We bid Ranger Mike adieu and set our bearing for the cut between Grape Island and Slate Islands. This leg of the trip would require an open-water crossing of about 1 mile southwest across Hingham Bay. Our path took us across the channel that services Hingham Harbor but we didn’t have much boat traffic to content with. The conditions remained light for our crossing as the wind began to build from the Northeast. It only took about 15 minutes to make the crossing and arrive at the landing near the island’s pier. Grape Island, like Bumpkin to the east, is a glacial drumlin and sports a rocky shoreline. However, the right of the pier was much steeper than that on Bumpkin to the point that my freshly-waxed kayak began sliding back down the water! As we walked up the beach we came across piles of sea shells that had washed up with the tides. I joked with my mom that all we needed to do was fill up our day hatches with shells and we’d have all of the decoration that we needed for my upcoming Cape Cod-themed wedding!
We were greeted at the grape arbor by Ranger Kathy who provided us with a self-guided tour pamphlet and caught us up on the history of the island. Apparently, the 50 acre Grape Island was one of the few Boston Harbor Islands that was spared from military occupation and remains largely in its natural state. It did, however, play an important role in the American Revolution. During the siege of Boston, the Patriots had the city surrounded and the British Army was essentially starved for supplies. Grape Island was home to a Loyalist-owned hay farm that was raided by the British Navy in order to feed their horses in Boston. The patriots caught wind of the raid and drove the British from the Island before burning the remaining stocks of hay! Our tour of the island proved equally interesting and offered a number of impressive vistas. The western vista looked onto the Hingham Shipyard while the northern vista provided views of Weymouth’s Fore River shipyard and the distant Blue Hills (which actually appeared blue on this hazy day!). The path also led through a number of the islands habitats including a unique birch/aspen grove and a small salt marsh on the way back to the landing. We noticed a small slate outcropping along the southern beach and my mom proceeded to collect a few dozen, post-card-sized chunks for use as table numbers at the wedding. I guess she had been inspired by my earlier comments about the shells!
The wind was beginning to swing around to the east as we loaded our kayaks with the slate and prepared to depart Grape Island.
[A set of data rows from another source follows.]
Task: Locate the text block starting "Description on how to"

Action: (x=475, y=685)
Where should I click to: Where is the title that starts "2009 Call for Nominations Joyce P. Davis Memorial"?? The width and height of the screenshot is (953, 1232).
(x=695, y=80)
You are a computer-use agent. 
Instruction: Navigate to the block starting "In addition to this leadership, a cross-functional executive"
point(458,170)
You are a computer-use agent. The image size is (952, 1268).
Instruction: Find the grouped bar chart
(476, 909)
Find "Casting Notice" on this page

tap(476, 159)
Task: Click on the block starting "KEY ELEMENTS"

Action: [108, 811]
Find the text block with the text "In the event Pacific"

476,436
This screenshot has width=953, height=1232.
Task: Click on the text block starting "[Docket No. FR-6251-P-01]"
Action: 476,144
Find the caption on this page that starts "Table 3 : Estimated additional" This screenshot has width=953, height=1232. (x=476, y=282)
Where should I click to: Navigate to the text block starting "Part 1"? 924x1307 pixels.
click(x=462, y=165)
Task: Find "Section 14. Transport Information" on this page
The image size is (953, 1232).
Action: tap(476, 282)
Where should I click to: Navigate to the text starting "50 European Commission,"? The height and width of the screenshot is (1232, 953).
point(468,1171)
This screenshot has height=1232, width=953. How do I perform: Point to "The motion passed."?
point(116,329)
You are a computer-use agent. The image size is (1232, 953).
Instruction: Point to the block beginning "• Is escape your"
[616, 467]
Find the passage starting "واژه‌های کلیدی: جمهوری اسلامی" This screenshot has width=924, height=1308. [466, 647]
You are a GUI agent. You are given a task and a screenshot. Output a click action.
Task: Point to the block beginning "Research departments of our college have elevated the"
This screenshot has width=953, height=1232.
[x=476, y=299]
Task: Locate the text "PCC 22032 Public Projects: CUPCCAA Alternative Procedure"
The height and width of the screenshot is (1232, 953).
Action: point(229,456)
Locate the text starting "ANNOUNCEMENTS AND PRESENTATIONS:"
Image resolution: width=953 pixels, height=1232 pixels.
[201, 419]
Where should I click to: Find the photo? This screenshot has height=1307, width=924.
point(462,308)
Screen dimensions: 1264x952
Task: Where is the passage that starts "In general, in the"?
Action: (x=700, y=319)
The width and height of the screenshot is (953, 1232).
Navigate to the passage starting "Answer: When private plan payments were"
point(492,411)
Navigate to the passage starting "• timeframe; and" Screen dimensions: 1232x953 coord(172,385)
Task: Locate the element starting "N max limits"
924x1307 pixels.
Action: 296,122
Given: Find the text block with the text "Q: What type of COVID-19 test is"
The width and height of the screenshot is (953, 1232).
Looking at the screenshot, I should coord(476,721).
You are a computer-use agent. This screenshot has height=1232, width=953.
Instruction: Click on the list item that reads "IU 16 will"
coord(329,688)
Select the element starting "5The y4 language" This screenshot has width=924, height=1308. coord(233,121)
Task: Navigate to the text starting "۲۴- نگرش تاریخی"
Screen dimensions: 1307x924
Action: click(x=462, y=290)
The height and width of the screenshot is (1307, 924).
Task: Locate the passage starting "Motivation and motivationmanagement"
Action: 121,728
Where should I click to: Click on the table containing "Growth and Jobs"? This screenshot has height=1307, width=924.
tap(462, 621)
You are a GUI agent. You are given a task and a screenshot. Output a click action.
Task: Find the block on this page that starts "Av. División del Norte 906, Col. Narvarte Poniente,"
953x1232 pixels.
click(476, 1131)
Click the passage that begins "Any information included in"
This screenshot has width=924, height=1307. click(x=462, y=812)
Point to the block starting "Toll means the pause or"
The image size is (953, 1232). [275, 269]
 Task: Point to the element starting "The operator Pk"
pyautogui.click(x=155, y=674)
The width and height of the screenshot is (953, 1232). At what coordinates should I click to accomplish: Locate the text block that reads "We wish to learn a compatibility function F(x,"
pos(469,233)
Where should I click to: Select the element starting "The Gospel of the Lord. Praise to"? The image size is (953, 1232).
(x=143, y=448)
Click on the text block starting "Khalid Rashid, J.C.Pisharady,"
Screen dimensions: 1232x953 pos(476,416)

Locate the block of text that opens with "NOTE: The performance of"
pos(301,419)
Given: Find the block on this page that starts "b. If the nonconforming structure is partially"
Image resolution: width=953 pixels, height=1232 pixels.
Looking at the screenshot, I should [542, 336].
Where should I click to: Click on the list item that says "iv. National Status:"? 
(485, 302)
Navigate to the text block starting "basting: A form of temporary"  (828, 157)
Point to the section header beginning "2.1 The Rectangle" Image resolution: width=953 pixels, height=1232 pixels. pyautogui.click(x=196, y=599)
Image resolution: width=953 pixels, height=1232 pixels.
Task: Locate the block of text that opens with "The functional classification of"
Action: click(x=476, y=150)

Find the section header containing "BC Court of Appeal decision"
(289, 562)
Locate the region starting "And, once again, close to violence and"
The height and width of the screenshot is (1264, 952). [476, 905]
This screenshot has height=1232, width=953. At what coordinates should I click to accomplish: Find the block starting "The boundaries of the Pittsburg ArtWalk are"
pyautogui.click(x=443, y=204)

We had expected the possibility of some afternoon weather and the change in wind hastened our journey along the final leg back to Hingham Harbor. We put Slate Island on our left and made way for Crow Point. This took us past a number of impressive mansions before touring southeast at the Hingham Yacht Club. The wind continued to swing around on us and we found ourselves fighting a building southeast headwind as we split the gap between Ragged and Sarah Islands. The final quarter mile proved a bit easier as we paddled into the lee and my mom beat me back to Bathing Beach despite having a hatch full of slate! We had just enough time to load up our boats and gear before the rain came. The cool rain offered a nice reprise from the week’s oppressive humidity and we took advantage of the shelter of a nearby bandstand to enjoy lentil chips and hummus and watch the raindrops fall on the quiet harbor. Thanks, Mom, for sharing another great adventure to the Boston Harbor Islands!
Overall, this trip is an excellent choice for advanced-beginner paddlers interested in spending a day exploring fairly-protected waters. Each of the Boston Harbor Islands is unique in its history and ecosystem and they have been a real joy to explore over the years. It’s incredible to think that such an expansive aquatic park exists within a “stone’s throw” of Boston but there it is and far too few take advantage of the adventure and history that these islands have to offer, in my opinion. Be aware that even the waters of Hingham Bay can get choppy and prove a real challenge for novices. I’ve been out there at times when the waves exceeded three-four feet so please pay attention to the weather forecast and expect a building southwest wind on the average summer afternoon. Also, please respect the camping regulations on these islands and the fact that people make reservations to occupy these sites during the season. Both Grape and Bumpkin Islands are open to camping and provide a primitive island getaway without having to go too far “away”. For more information on making camping reservations visit Reserve America.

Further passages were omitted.